Droit à la déconnexion numérique en droit du travail
08.11.16Droit à la déconnexion dans la réforme du droit du travail
Pour mettre fin à un phénomène largement répandu chez les cadres notamment de connexion non stop aux outils numériques, même en dehors de leur temps de travail, la loi n°2016-1088 du 8 août 2016 relative au travail, à la modernisation du dialogue social et à la sécurisation des parcours professionnels (« Loi Travail » ou « Loi El Khomri« ) a répondu en introduisant un droit à la déconnexion dans le droit du travail français, disposition qui entrera en vigueur au 1er janvier 2017.
Répondre aux problèmes liés à la connexion permanente aux outils numériques
Le développement du numérique et d’internet dans le monde du travail a fortement contribué à faire évoluer les modes de travail. Les salariés sont de plus en plus connectés en dehors des heures de travail et la frontière entre vie professionnelle et vie privée se trouve ainsi de plus en plus souvent perméable.

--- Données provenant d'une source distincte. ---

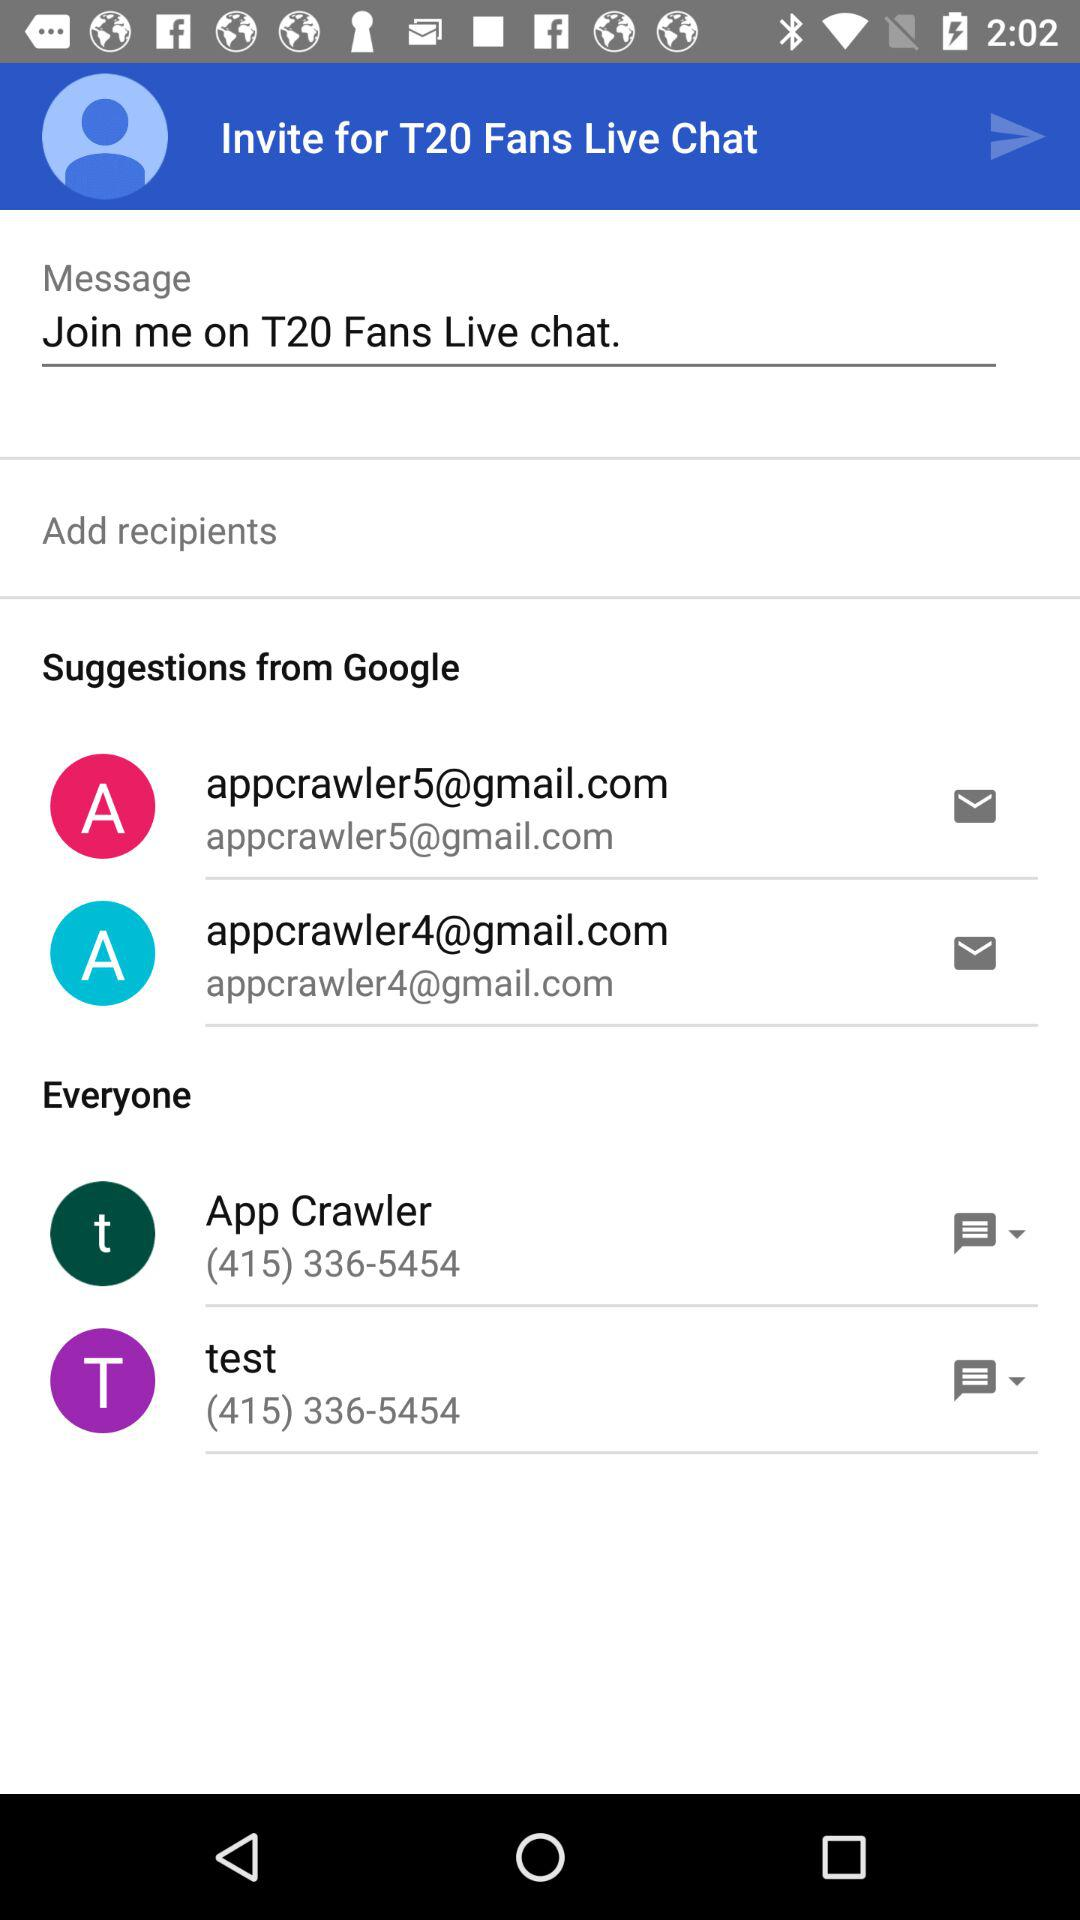What is the contact number for the App Crawler? The contact number for the App Crawler is (415) 336-5454. 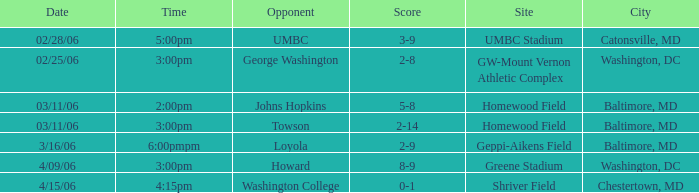Which team faced off at homewood field, ending with a 5-8 score? Johns Hopkins. 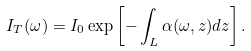Convert formula to latex. <formula><loc_0><loc_0><loc_500><loc_500>I _ { T } ( \omega ) = I _ { 0 } \exp \left [ - \int _ { L } \alpha ( \omega , z ) d z \right ] .</formula> 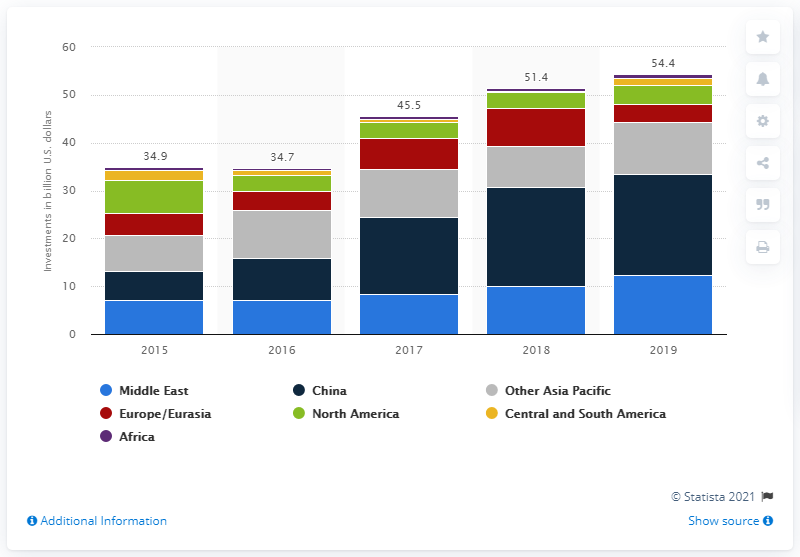Specify some key components in this picture. In 2019, China invested a significant amount in refinery capacity. 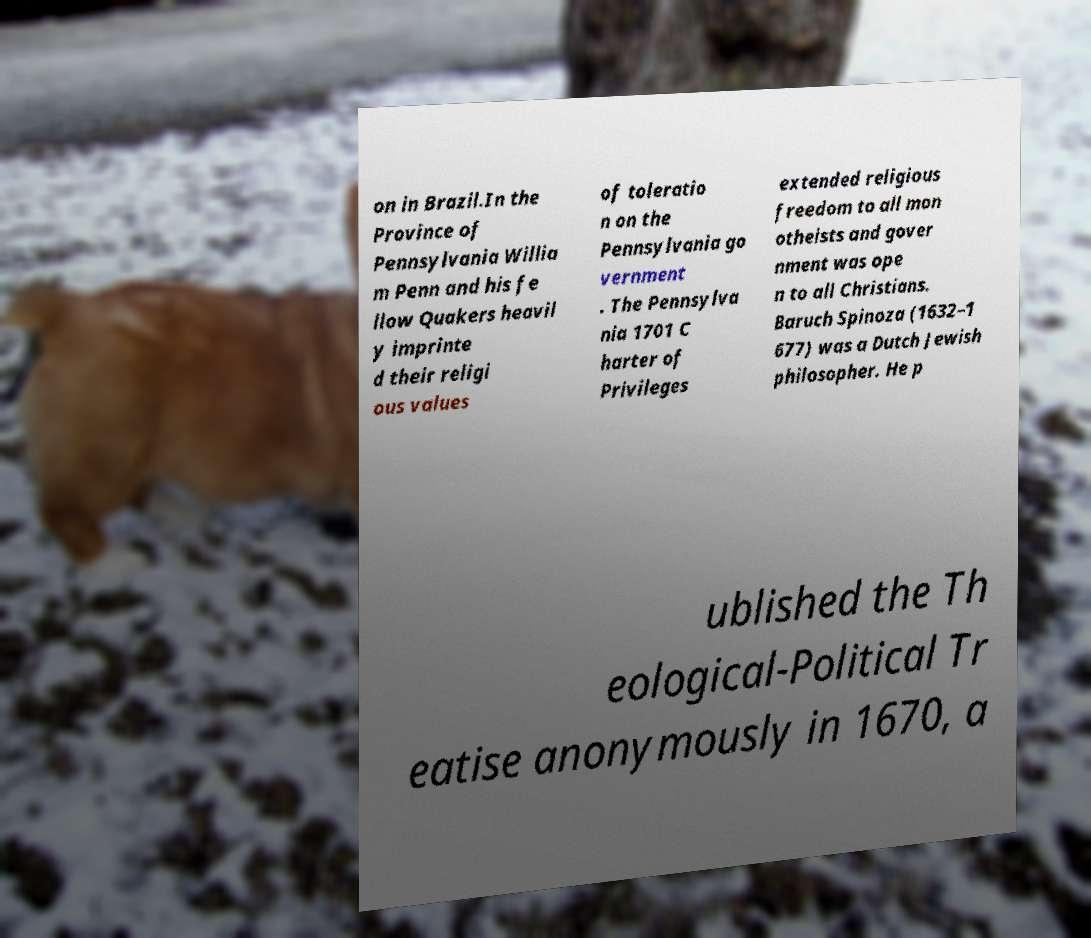I need the written content from this picture converted into text. Can you do that? on in Brazil.In the Province of Pennsylvania Willia m Penn and his fe llow Quakers heavil y imprinte d their religi ous values of toleratio n on the Pennsylvania go vernment . The Pennsylva nia 1701 C harter of Privileges extended religious freedom to all mon otheists and gover nment was ope n to all Christians. Baruch Spinoza (1632–1 677) was a Dutch Jewish philosopher. He p ublished the Th eological-Political Tr eatise anonymously in 1670, a 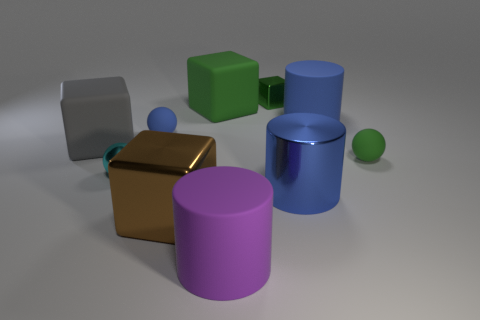Subtract all blue balls. How many green blocks are left? 2 Subtract all matte cylinders. How many cylinders are left? 1 Subtract 1 cylinders. How many cylinders are left? 2 Subtract all gray cubes. How many cubes are left? 3 Subtract all red cubes. Subtract all brown balls. How many cubes are left? 4 Subtract all cylinders. How many objects are left? 7 Subtract all large gray blocks. Subtract all big brown things. How many objects are left? 8 Add 1 tiny matte balls. How many tiny matte balls are left? 3 Add 6 big shiny cylinders. How many big shiny cylinders exist? 7 Subtract 0 yellow cylinders. How many objects are left? 10 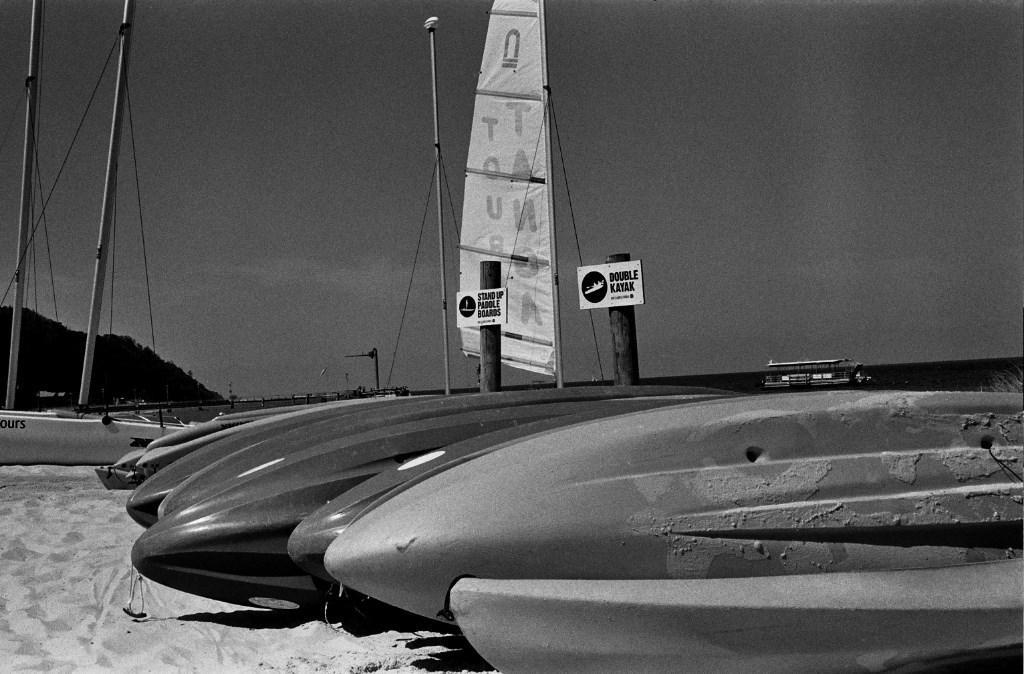Could you give a brief overview of what you see in this image? In this image we can see boats, sand ,water, ship, log, information boards, poles, ropes, hills and sky. 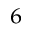Convert formula to latex. <formula><loc_0><loc_0><loc_500><loc_500>^ { 6 }</formula> 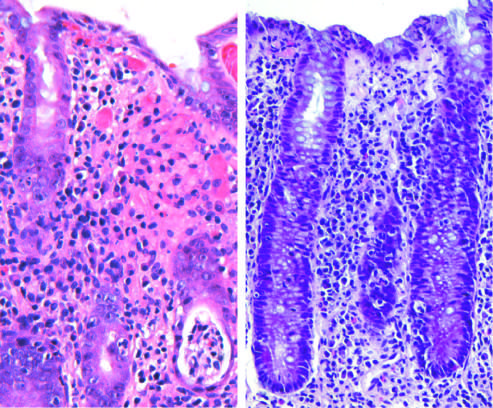how is enteroinvasive escherichia coli infection?
Answer the question using a single word or phrase. Similar to other acute 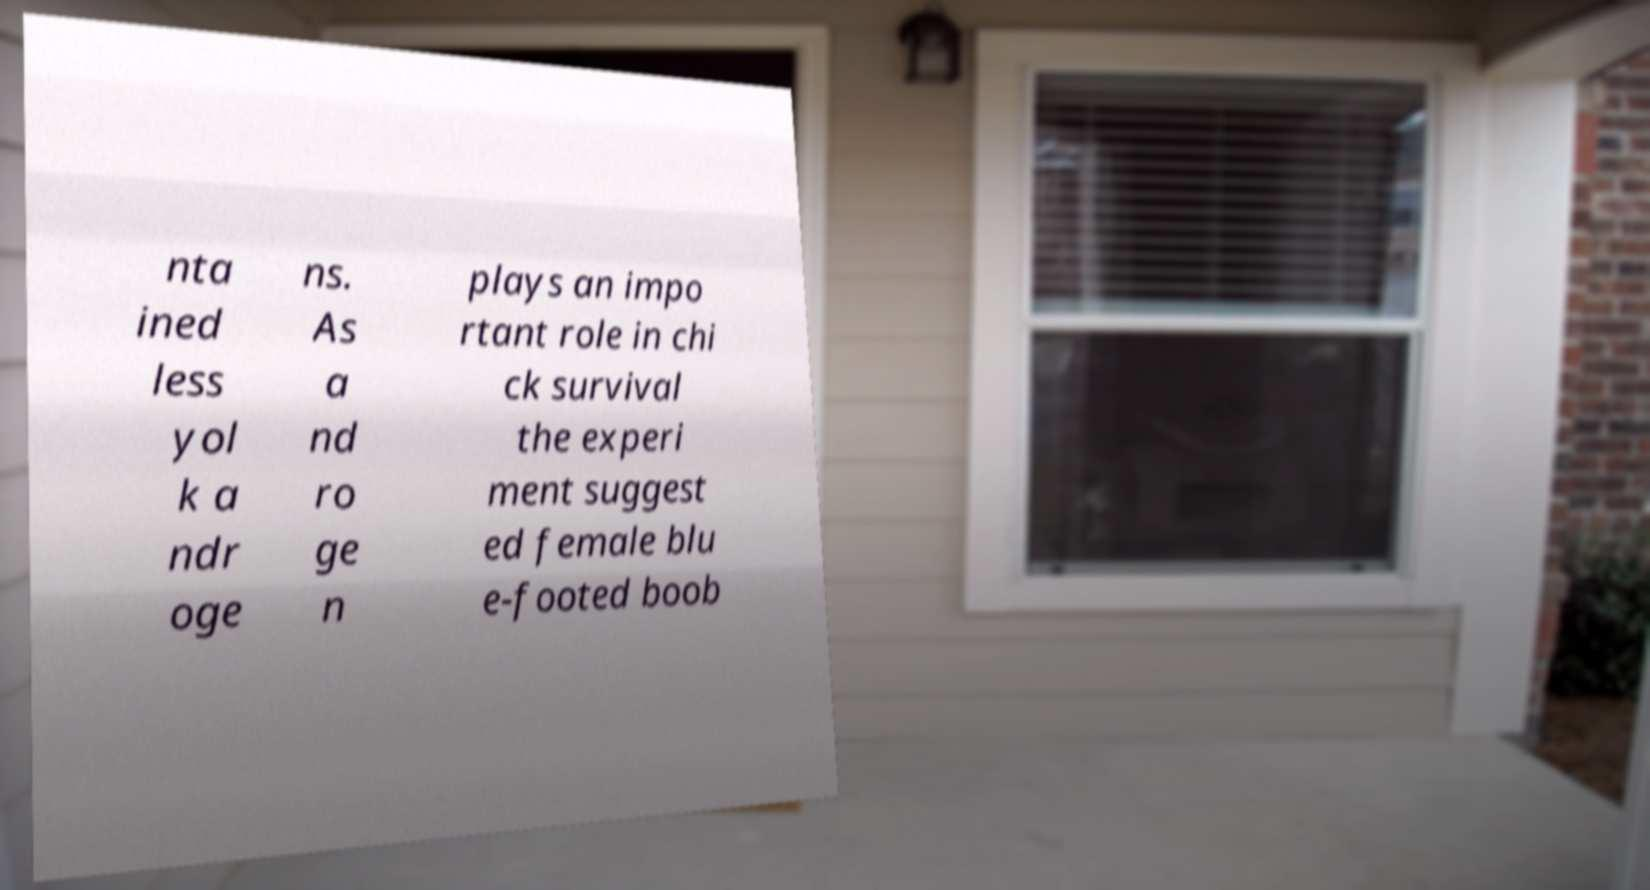What messages or text are displayed in this image? I need them in a readable, typed format. nta ined less yol k a ndr oge ns. As a nd ro ge n plays an impo rtant role in chi ck survival the experi ment suggest ed female blu e-footed boob 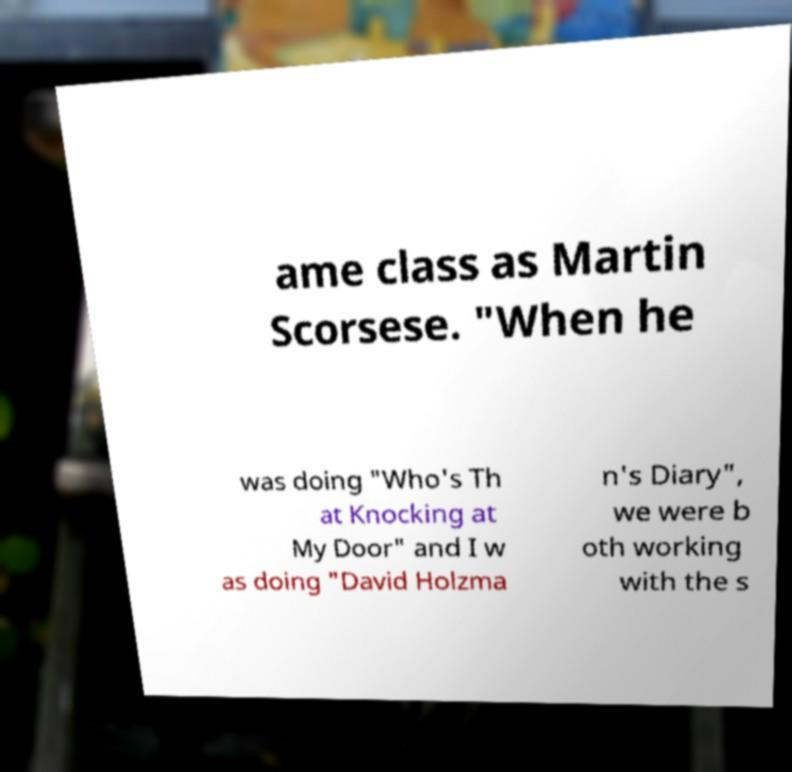Please read and relay the text visible in this image. What does it say? ame class as Martin Scorsese. "When he was doing "Who's Th at Knocking at My Door" and I w as doing "David Holzma n's Diary", we were b oth working with the s

La réception d’email les soirs et les week-ends ainsi que pendant les vacances est devenue dans bien des secteurs monnaie courante. Ce phénomène qui touche très majoritairement les cadres n’épargne pas les autres catégories de salarié. D’après les chiffres publiés par le ministère du Travail, de l’Emploi, de la Formation professionnelle et du Dialogue social, 37% des actifs utilisent les outils numériques professionnels hors du temps de travail et 62% d’entre eux réclament une régulation des outils numériques professionnels.
Loi El Khomri et droit à la déconnexion
Face à ce constat, le législateur français a considéré qu’il était devenu nécessaire d’encadrer cette pratique afin notamment de protéger la santé des salariés. L’article 55 de la loi El Khomri pose ainsi une première pierre en introduisant un droit à la déconnexion dans le code du travail (article L. 2242-8 7° du code du travail).
Ce droit à la déconnexion vise tous les salariés et devra être abordé par les entreprises dans le cadre de la négociation annuelle sur la qualité de vie au travail. Les entreprises devront donc mettre en place des instruments de régulation de l’outil numérique dans le but d’assurer le respect des temps de repos et de congés ainsi que l’équilibre entre vie professionnelle et vie personnelle et familiale.
Le mécanisme mis en place par la loi El Khomri pour traiter ce sujet donne donc la priorité à la négociation avec les partenaires sociaux dans les entreprises de plus de 50 salariés. A défaut d’accord, l’employeur est néanmoins tenu d’élaborer une charte, après avis du comité d’entreprise ou, à défaut, des délégués du personnel, qui devra prévoir la mise en œuvre à destination des salariés et du personnel d’encadrement et de direction, d’actions de formation et de sensibilisation à un usage raisonnable des outils numériques.
Quelle efficacité pour le nouveau droit des salariés à la déconnexion ?
Ce dispositif est donc un premier pas vers une régulation de l’utilisation des outils numériques. On peut cependant s’interroger sur son efficacité dans la mesure où le texte ne prévoit à ce jour aucune sanction pour l’employeur qui à défaut d’accord avec les partenaires sociaux n’aura pas non plus élaboré de charte. Par ailleurs, qu’en est-il du droit à la déconnexion des salariés des entreprises ne disposant ni de délégués syndicaux, ni de délégués du personnel ?
A ce jour, quelques entreprises telles que La poste ou Orange appliquent d’ores et déjà le droit à la déconnexion. Par ailleurs, la branche Syntec a inscrit « une obligation de déconnexion des outils de communication à distance » dans son avenant à l’accord temps de travail signé en avril 2014. Les PME de plus de 50 salariés doivent néanmoins réfléchir à des mesures pour éviter de se voir reprocher leur inaction dans le cadre d’un conflit avec un salarié sur sa charge de travail.